PATIENTS AND METHODS

A prospective, placebo-controlled randomized clinical trial was carried out on 26 patients with T2DM who attend the Specialized Center for Endocrinology and Diabetes-AL-Risafa, Directoratc of Health-Baghdad were enrolled in this study. The inclusion criteria: Patients with T2DM of both sexes on sulfonylurea (glibenclamide), with age range 40-65 years (49.1 ± 6.0), and have disease duration of 5-10 years. The exclusion criteria: They should not have other associated chronic diseases like liver and kidney disorders and cardiovascular complications. Patients who are pregnant and breast feeding are excluded. They should not be on insulin therapy or other anti-diabetic drugs, or on antioxidant drugs like aspirin, and any associated drugs should be considered. They should not taking other hypolipidemic agent; anti-inflammatory or non-steroidal anti-inflammatory drugs. The patients treated previously with full maximum dose of sulfonylurea (glibenclamide) (15 mg/day) and kept on dietary control, but with poor glycemic control as evidenced by abnormal values of fasting plasma glucose (FPG) and glycated Hb; those patients are carefully evaluated while they are on their already established treatment program for DM control for 2 weeks before the randomization: Group A includes 12 patients treated with placebo in capsule dosage form in addition to the already given oral hypoglycemic agent (glibenclamide) and dietary control, for 12 weeks. Group B includes 13 patients treated with cinnamon powder 500 mg in hard gelatin capsule twice daily (1000 mg/day) in addition to the already given oral hypoglycemic agent (glibenclamide) and dietary control for 12 weeks. The cinnamon powder was obtained from local market and approved by Medicinal Plant Center-Baghdad, Iraq.
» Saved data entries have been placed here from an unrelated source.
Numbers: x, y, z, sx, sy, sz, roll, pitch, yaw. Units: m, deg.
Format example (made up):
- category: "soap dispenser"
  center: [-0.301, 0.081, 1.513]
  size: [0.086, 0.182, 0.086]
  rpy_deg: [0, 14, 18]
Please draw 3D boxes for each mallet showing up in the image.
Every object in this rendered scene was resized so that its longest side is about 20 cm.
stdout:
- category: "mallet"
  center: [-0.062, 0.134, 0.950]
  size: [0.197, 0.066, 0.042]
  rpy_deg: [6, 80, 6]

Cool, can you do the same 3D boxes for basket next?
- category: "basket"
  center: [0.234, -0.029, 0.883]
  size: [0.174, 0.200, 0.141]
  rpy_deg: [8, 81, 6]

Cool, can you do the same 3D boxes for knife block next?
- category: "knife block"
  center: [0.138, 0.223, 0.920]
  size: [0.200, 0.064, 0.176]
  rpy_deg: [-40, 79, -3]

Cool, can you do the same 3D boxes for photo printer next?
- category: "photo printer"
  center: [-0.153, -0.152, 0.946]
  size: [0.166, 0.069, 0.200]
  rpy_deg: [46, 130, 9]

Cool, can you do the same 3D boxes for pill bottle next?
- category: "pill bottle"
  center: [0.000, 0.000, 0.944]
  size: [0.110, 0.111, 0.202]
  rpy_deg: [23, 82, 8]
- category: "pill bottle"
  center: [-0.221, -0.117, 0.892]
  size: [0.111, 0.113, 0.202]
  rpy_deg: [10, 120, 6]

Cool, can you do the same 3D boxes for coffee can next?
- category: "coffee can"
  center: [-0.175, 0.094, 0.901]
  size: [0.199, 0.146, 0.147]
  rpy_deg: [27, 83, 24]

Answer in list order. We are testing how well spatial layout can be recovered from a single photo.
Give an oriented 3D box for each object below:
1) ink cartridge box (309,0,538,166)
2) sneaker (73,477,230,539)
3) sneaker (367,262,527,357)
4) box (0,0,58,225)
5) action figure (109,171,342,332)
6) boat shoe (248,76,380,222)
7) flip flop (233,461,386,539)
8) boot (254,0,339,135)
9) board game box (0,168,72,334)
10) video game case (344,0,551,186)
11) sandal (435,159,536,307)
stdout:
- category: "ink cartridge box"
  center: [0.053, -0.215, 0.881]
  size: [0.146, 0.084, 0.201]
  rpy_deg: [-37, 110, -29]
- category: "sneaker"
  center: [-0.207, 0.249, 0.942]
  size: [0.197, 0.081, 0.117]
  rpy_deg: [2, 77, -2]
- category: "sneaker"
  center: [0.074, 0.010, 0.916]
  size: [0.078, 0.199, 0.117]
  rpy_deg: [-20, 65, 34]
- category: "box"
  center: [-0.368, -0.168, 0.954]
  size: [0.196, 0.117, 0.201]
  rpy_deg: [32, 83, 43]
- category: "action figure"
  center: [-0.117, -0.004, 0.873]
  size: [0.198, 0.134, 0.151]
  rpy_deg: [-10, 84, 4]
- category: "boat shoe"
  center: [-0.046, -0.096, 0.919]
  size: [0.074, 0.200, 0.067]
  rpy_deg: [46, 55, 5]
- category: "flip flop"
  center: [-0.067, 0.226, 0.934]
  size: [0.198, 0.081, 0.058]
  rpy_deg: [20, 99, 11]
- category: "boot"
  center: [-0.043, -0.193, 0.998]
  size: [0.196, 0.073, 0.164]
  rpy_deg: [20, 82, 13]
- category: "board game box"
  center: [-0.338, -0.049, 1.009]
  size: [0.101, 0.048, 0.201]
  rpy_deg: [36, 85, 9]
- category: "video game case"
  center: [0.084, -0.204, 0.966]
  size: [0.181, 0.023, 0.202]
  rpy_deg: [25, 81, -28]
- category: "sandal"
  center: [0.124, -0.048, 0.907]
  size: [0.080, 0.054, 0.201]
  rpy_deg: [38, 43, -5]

Sample Collection and Preparation

After 12 h fasting, blood samples were collected from all subjects by venepunture (10 ml), before starting drug treatment (as baseline samples) and then after 6 and 12 weeks of treatment to follow the changes in the studied parameters. Blood samples were divided into two tubes, one heparinized tube (1 ml of whole blood used for HbAlc determination) and the other part was collected in plain tube, then centrifuged at 3000 rpm for 10 min at 4°C. after centrifugation and isolation of cellular fraction; the obtained plasma fraction was divided into three parts in Ependorff tubes and stored frozen until analysis performed.

Biochemical Assay Methods

Measurement of serum glucose level (FPG)

Serum glucose level was evaluated using a ready- made kit for this purpose, according to the method of Barham and Trendoer [16], which is based on enzymatic oxidation of glucose to form glucuronic acid and hydrogen peroxide, and the reaction of the later with phenol and formation of quinonimine was followed spectrophotomertically at 505 nm. Results were expressed as mmol glucose/l, based on comparison with a standard glucose solution treated with the same method.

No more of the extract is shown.